While reading it I thought of a point that wasn't considered in that thread. Namely, Clippy on the pedantic level will emit cast_possible_truncation warnings everywhere which can result in ugly code like:

let num: u128 = todo!();
u64::try_from(num % (1 << u64::BITS)).unwrap()

To give a real-world example, the fastrand crate has a function which looks like:

fn mul_high_u128(a: u128, b: u128) -> u128 {
	let a_lo = a as u64 as u128;
	let a_hi = (a >> 64) as u64 as u128;
	let b_lo = b as u64 as u128;
	let b_hi = (b >> 64) as u64 as u128;
	let carry = (a_lo * b_lo) >> 64;
	let carry = ((a_hi * b_lo) as u64 as u128 + (a_lo * b_hi) as u64 as u128 + carry) >> 64;
	a_hi * b_hi + ((a_hi * b_lo) >> 64) + ((a_lo * b_hi) >> 64) + carry
}

I believe this would be more readable if rewritten like so:

fn mul_high_u128(a: u128, b: u128) -> u128 {
	let hi_hi = u128::from(a.high()) * u128::from(b.high());
	let hi_lo = u128::from(a.high()) * u128::from(b.low());
	let lo_hi = u128::from(a.low()) * u128::from(b.high());
	let lo_lo = u128::from(a.low()) * u128::from(b.low());

	let carry = u128::from(hi_lo.low()) + u128::from(lo_hi.low()) + (lo_lo >> 64);

	hi_hi + (hi_lo >> 64) + (lo_hi >> 64) + (carry >> 64)
}

There are many other instances of the shift-and-cast pattern in that crate.

tczajka · July 10, 2025, 5:04pm

The crate can easily define these functions for its own purposes. These are rather niche for general use.

The low 64 bits can already be gotten using the as u64 notation, although it has been discussed that this be deprecated and replaced with wrapping_cast.

abgros · July 10, 2025, 5:12pm

I have a somewhat Socratic line of questioning in response to this. Do you think the crate maintainers should create functions for this in the interest of readability? If so, why haven't they done so?

If the answer is something like "because they never thought of it", it seems like std is worthwhile just for that.

tczajka · July 10, 2025, 5:18pm

Yes. You just showed how the code is cleaner when changed to use these functions. Small functions are good. And you have additionally mentioned there are multiple other instances in the same crate where the functions would be useful, making the case even more clear-cut.
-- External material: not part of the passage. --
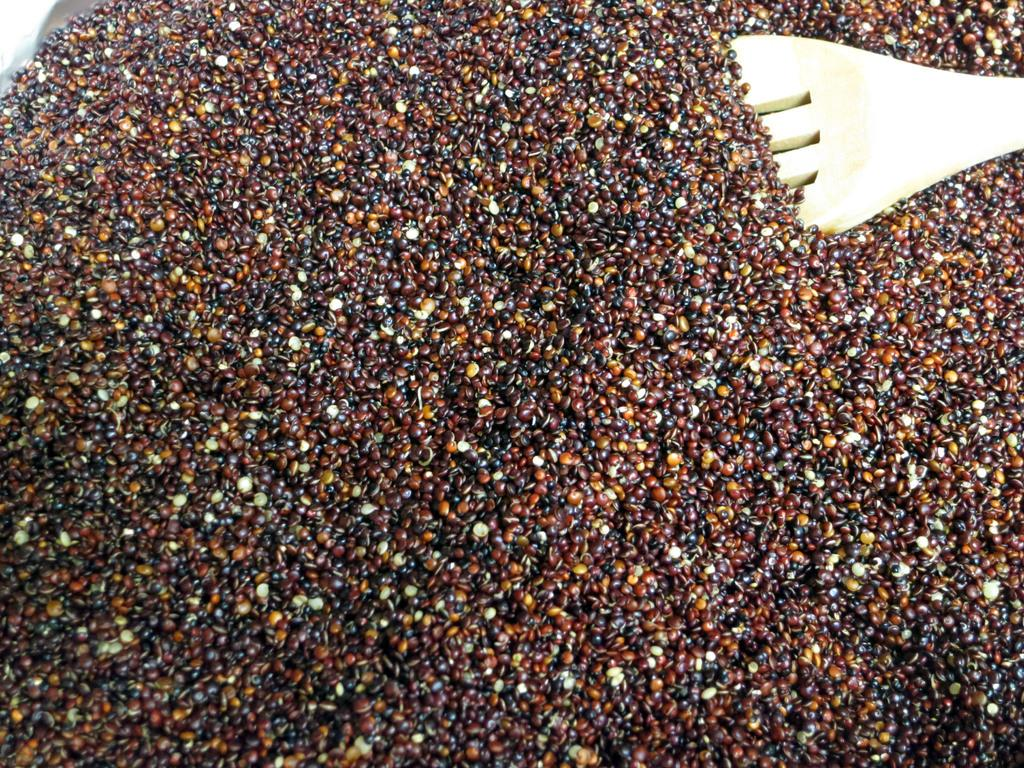What type of small objects can be seen in the image? There are seeds in the image. Can you describe the object located in the right top corner of the image? Unfortunately, the provided facts do not give any information about the object in the right top corner of the image. How many dimes are visible in the image? There is no mention of dimes in the provided facts, so we cannot determine if any are present in the image.

I'd write it as something like:

fn split_128_to_64(a: u128) -> [u64; 2]

and its various variants for different sizes.

I don't know. Perhaps because of a mix of laziness and lack of experience, or just a difference of opinion of what they consider clean code.

Not really. The argument is that the standard library should come with "batteries included", with all kinds of features that people might want to use in their programs. Kind of how Python approaches it.

Rust has a different philosophy. A reasonable approach would be to create a crate for such functions. If it turns out that the crate is widely used, then perhaps that's an argument for putting it in std (although even that is debatable).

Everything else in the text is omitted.